Why did I not know that decades ago? Likely it was because of the circumstances of APTE's beginnings in 1989 as Esther Thur and Susan Rupert left CEAC (Citizens Environmental Advisory Committee) under the chairmanship of Dr. Murray Haight. Sandra Bray was also one of the three founders of APTE and may well have been also on CEAC. I'm not sure. Regardless I joined APTE in the spring of 1990 and there was very little discussion of CEAC, either its' strengths or weaknesses. John Cherry indeed would have been a huge strength and I did wonder for years why he was not involved with APTE or the whole situation until I met him in January 2007 at the University of Waterloo.
During the 1980s apparently the Globe and Mail were doing a number of environmental stories dealing with Agent Orange lawsuits, Uniroyal and Elmira. Jock Ferguson of the Globe and Mail did do a story about Varnicolor's infamous Lot 91 at the eastern end of Oriole Parkway. This I have known about for decades . The Globe and Mail quoted John Cherry in relation to his work with CEAC as follows. Cherry stated "I'm aghast at what they (the company and the ministry) know and don't know about the site." The Globe and Mail reported that Cherry was regarded by other earth scientists as one of North America's leading chemical contamination experts, and he said that the presence of a wide range of organic chemical wastes, including an unknown amount of tetrachlorodibenzo-p-dioxin, make the Uniroyal dump the most difficult site in the country to control and cleanup. Furthermore Cherry stated "This is going to be the Canadian test case...This is not an everyday problem that can be coped with by ministry employees who are new in this world of organic spills and all the complexities that go with it."

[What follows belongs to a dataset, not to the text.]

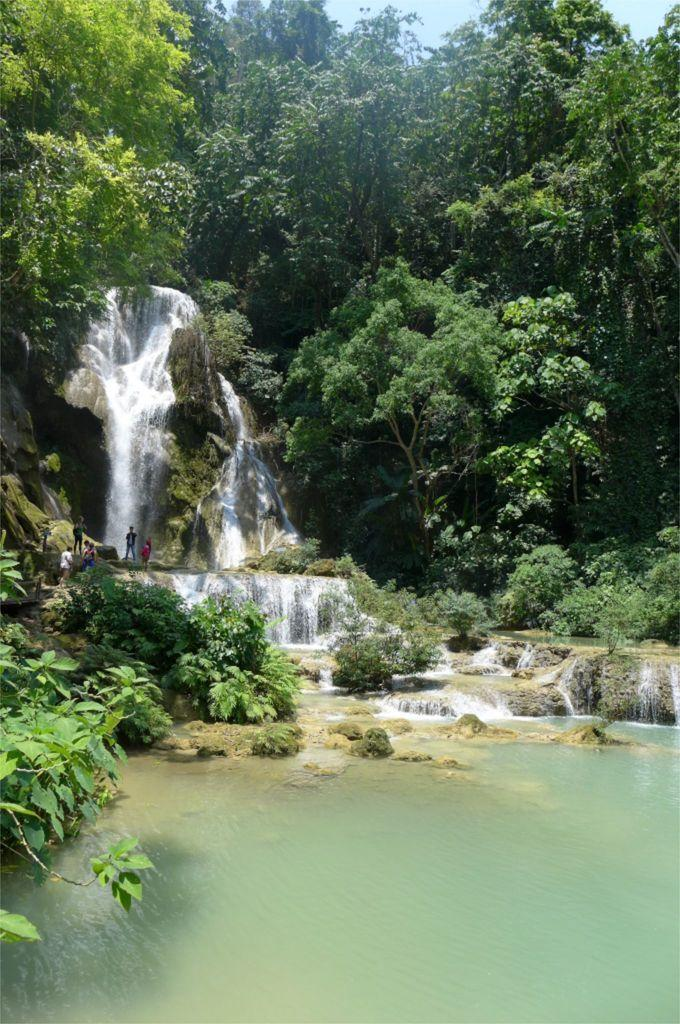What natural feature is the main subject of the image? There is a waterfall in the image. Are there any living beings present in the image? Yes, there are people in the image. What type of vegetation can be seen in the image? There are plants and trees in the image. What type of geological feature is present in the image? There are rocks in the image. How many brothers are standing near the waterfall in the image? There is no mention of brothers in the image, and therefore we cannot determine their presence or number. 
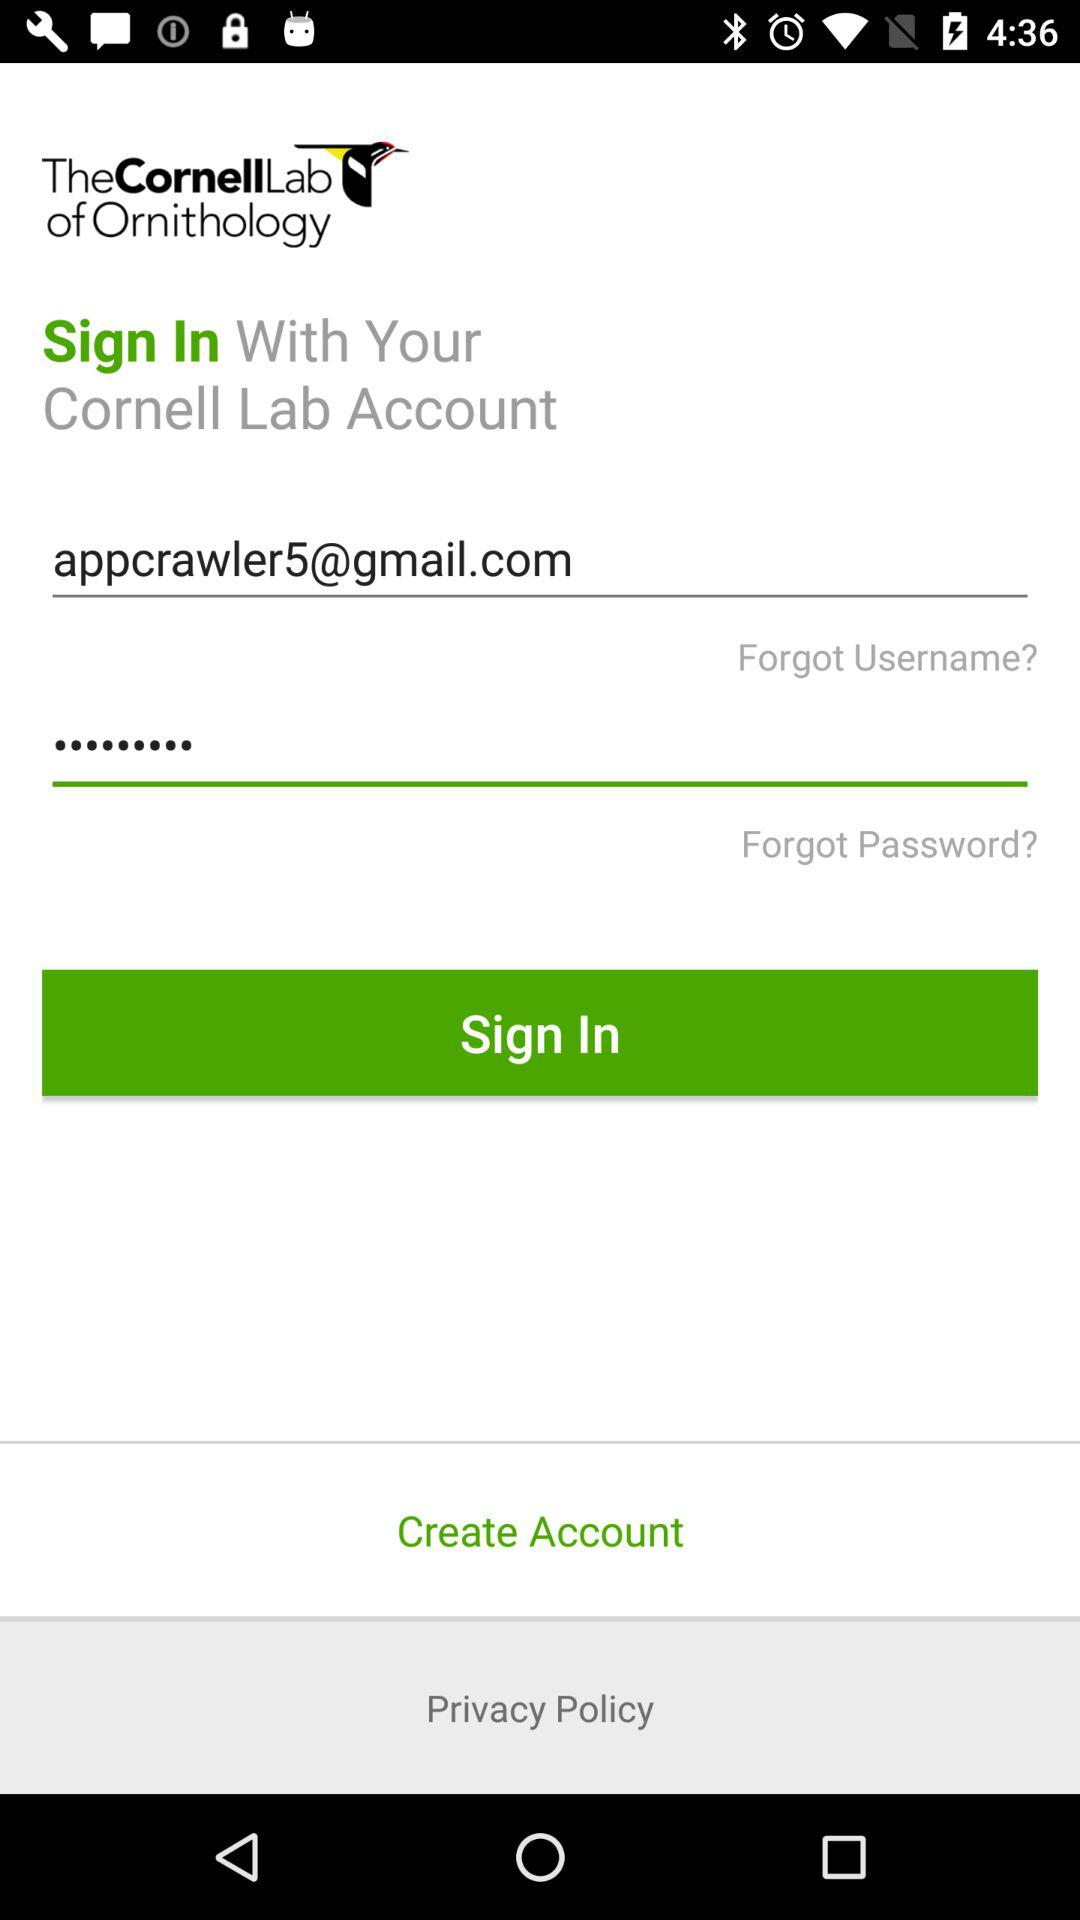What is the privacy policy?
When the provided information is insufficient, respond with <no answer>. <no answer>

World famous Dr. John Cherry knew how awful the ground and groundwater was in and around Uniroyal Chemical in the early 1980s. By 1985 excavations were underway in order to expand the 1965 Elmira Sewage Treatment Plant . They unearthed an ungodly mess of buried chemical drums put there by Uniroyal Chemical. By 1989 the Ontario Ministry of Environment coincidentally ?? discovered ?? NDMA in the south Wellfield. This is the same NDMA that had been found on the Uniroyal property and in the air in 1979. Being extremely toxic, albeit less so than dioxins, it was a very convenient distraction from the dioxins in Agent Orange that were the subject of numerous American lawsuits at the time.